В отличие от других продуктов человеческой деятельности -ремесла, сельского хозяйства и т.д. — теоретические знания не унич­тожаются временем, не поддаются порче, ибо они не реальны, а


идеальны. Идеальный план работы мышления - это сущность ра­циональности, определившей облик всей европейской культуры. В познавательной деятельности рациональность сводится к мыс­лящему познанию. Открытие рациональности как мыслящего по­знания принадлежит Пармениду (IV в. до н.э.), в философии ко­торого «впервые фиксирована чистая мысль и сделана предметом для самой себя». С момента своего возникновения теоретический (идеальный) мир в своей попытке проникнуть в тайны природы «надстраивался» над обыденными житейскими представлениями и чувствами. Появилась тенденция «отчуждения» теоретического мира от обыденного: теоретическая деятельность начинает оцени­ваться как более высокая по сравнению с деятельностью ремес­ленников. Аристотель писал, что ремесленники действуют «по при­вычке», т.е._без помощи слова передают способность «знать руками», а не «умом». Философы же творили «по слову», а твор­ческая «деятельность по слову», как писал отечественный фило­соф М. К. Петров, была уже запечатлена в книге Бытия, в гомеров­ских поэмах до того, как проявилась в сочинениях греческих философов. Использование новоевропейской наукой практики конструирования идеальных объектов Гадамер прокомментировал так: «Сохранилось фундаментальное начало греческого мышления бытия: современная физика предполагает античную метафизику». «Создав науку (речь идет о греческой науке. — Т.М.), греки отдели­ли Запад от Востока и вывели его на свой собственный путь».

На Востоке, в отличие от Древней Греции, философия тяготела к идеологическим конструкциям, обслуживающим традицию. Так, философия конфуцианства и брахманизма одновременно являлась религиозно-идеологическим регулятивом поведения людей, что не способствовало открытию способности мышления к теоретизиро­ванию.
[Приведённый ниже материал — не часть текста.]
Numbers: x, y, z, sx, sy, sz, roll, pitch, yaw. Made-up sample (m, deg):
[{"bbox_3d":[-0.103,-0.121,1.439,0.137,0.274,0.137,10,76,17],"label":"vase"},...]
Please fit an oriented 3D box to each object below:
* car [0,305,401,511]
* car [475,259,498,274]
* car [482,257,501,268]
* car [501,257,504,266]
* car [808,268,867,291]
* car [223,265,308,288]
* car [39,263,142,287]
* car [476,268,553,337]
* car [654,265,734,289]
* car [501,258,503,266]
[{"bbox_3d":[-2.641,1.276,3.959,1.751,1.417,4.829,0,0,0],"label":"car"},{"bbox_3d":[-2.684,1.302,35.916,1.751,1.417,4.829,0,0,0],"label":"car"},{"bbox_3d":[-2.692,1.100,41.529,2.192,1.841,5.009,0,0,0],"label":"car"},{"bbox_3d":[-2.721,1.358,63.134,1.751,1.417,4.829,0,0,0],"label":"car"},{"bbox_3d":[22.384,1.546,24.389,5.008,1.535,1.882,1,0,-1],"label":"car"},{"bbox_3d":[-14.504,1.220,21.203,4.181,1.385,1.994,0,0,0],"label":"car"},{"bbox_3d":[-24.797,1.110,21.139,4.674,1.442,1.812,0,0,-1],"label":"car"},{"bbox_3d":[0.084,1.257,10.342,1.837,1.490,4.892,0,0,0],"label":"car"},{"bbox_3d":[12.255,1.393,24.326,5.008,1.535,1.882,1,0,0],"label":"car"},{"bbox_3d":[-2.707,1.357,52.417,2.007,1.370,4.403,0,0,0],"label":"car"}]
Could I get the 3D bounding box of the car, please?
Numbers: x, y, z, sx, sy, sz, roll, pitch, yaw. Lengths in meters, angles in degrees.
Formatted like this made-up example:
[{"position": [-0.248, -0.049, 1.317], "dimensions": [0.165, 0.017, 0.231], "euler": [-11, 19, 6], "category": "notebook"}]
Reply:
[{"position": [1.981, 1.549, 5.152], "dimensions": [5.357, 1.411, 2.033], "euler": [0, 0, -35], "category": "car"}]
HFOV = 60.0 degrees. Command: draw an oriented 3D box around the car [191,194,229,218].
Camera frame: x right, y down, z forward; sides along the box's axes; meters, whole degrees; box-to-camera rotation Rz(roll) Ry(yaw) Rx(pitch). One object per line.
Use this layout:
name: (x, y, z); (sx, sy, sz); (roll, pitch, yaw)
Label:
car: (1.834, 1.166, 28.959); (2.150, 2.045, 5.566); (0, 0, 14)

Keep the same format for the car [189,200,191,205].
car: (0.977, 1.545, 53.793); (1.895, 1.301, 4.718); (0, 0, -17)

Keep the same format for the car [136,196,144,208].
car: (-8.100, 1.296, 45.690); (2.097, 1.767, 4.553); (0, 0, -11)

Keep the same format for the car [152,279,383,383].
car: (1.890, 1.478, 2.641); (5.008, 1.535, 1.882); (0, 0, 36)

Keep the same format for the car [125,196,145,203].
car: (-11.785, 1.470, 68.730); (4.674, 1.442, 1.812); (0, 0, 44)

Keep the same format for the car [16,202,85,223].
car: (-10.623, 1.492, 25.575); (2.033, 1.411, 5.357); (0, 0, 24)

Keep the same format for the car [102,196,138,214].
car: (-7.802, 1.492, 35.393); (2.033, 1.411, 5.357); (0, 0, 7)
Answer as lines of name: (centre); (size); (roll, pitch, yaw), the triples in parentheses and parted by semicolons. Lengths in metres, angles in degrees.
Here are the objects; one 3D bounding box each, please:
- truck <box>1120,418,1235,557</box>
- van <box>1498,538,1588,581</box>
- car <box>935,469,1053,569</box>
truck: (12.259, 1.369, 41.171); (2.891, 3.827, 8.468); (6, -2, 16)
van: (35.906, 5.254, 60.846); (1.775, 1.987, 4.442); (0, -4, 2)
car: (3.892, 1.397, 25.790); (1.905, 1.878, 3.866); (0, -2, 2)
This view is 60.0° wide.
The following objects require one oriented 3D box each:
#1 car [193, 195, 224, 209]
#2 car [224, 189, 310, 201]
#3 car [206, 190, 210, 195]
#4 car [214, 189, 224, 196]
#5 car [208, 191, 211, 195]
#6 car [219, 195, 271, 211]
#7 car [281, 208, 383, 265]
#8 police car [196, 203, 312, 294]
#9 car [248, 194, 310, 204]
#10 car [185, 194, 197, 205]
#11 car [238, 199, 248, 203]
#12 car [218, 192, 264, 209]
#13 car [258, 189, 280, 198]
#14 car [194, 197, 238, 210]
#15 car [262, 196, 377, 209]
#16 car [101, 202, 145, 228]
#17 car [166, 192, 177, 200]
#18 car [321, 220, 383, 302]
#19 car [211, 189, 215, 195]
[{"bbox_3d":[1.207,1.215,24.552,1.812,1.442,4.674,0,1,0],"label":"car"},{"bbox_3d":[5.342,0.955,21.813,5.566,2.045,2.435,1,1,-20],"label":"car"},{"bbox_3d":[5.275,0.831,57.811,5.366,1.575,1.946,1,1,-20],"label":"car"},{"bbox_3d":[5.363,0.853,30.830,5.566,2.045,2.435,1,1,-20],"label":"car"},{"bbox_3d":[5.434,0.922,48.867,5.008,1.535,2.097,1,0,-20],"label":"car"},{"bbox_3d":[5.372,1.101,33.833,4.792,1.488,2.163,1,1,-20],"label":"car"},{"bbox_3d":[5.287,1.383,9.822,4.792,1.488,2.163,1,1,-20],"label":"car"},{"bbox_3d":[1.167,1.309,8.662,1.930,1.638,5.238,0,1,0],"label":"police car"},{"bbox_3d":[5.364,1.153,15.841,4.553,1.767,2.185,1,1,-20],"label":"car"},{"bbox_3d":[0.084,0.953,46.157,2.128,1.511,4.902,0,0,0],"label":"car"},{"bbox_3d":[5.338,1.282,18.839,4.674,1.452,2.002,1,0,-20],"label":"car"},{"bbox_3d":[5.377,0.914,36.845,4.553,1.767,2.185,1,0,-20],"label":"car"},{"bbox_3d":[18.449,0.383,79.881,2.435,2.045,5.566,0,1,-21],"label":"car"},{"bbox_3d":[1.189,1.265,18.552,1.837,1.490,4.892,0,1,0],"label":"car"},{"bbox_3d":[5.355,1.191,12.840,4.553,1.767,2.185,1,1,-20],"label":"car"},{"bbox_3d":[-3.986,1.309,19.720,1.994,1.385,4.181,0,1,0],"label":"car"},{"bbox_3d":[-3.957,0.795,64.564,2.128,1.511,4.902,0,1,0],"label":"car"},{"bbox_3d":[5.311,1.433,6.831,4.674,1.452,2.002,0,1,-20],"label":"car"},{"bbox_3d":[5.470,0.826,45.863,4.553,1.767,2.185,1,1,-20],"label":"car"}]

Второе интеллектуальное открытие античной мысли связано с превращением математики в теоретическую науку. В античности к математике относили арифметику, геометрию, стереометрию, астрономию, акустику, гармонику (теорию музыки). Гадамер был убежден, что «не естествознание, не говоря уже об истории, но математика была для греков подлинной наукой». Гуссерль особо


выделял античную геометрию. Античность, с его точки зрения, изобрела «идеальный мир геометрии», отойдя, тем самым, «весь­ма далеко» «от первоначального созерцательного мышления». Важ­ную роль в формировании древнегреческой математики сыграла пифагорейская школа. Известно, что математика возникла в куль­турах Вавилона и Египта для практических целей, будучи простым искусством счета (например, с помощью арифметики решали за­дачи о расчете заработной платы, о количестве хлеба, пива и т.д.). Древние греки заимствовали алгебру и арифметику из культуры Востока, но заимствование было творческим: (1) начиная с Пи­фагора, младшего современника Фалеса Милетского (VI в. до н.э.), и далее до неопифагореизма эпохи эллинизма (I в. до н.э. — III в. н.э.), с помощью числа стали объяснять природу всего сущего, рас­сматривать числа и числовые отношения как ключ к пониманию все­ленной и ее структуры. Родилось убеждение, что «все есть число». Именно в пифагорейской школе появилась мысль о том, что «книга природы написана на языке математики». Эту мысль по­вторит спустя 2000 лет Галилей. Пифагор считал основным опре­делением вещей число. Число как таковое есть мысль, и хотя мысль о числе очень близка к чувственному, а потому недоста­точна, чтобы выразить посредством нее понятие вещей, все же пифагорейская философия может рассматриваться как один из первых опытов теоретизирования; (2) пифагорейцы поставили воп­рос о сущности числа, т.е. превратили число из средства в предмет и цель исследования. Поиски связей и единства всех возможных закономерностей чисел становятся центральной задачей матема­тических исследований; (3) пифагореизм, особенно на ранних ста­диях, существовал как религиозный орден, его учения были тай­ными для непосвященных (известно, что Пифагор был в Египте и принял посвящение в таинство жрецов, а затем на берегах Ганга ознакомился с браминами и их учением). Этим объясняется пере­мещение математических исследований из практически-приклад­ной (профанной) сферы в сакральную, трактовка числа как боже­ственного начала мира. Сакрализация числа существовала и до пифагорейцев. Но они не просто рассматривали числа как иде­альные сакральные объекты, а впервые начали исследовать при-


роду их совершенства; (4) греки перестроили математику из сис­темы счета и измерения в систему знаний, построенную на при­менении правил вывода одних математических положений из других. Они превратили математику в теоретическую науку, так как (а) сформулировали вопрос «как это доказать? и (б) ввели процедуры систематического доказательства. «Начала» Евклида (III в. до н.э.) - одна из первых форм теоретической математики (геометрии), главной чертой которой является доказательство, ис­пользующее, вместо наглядной демонстрации геометрических фи­гур, логические рассуждения. Гадамер писал, что предметом ан­тичной математики являлось «чисто рациональное бытие, ее считали образцом для всякой науки, поскольку она представлена в замкнутой дедуктивной системе».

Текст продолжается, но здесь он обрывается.